┌─ MATERIAL FOR THIS TASK

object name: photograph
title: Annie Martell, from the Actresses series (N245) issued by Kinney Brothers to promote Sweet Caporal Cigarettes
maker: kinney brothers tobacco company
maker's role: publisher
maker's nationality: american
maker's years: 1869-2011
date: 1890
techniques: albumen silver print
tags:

└─

WHAT TO WORK ON: Copy out precisely those lines which run from the one containing "maker's role: publisher" to the end of the material.

EXERCISE RESULT:
maker's role: publisher
maker's nationality: american
maker's years: 1869-2011
date: 1890
techniques: albumen silver print
tags:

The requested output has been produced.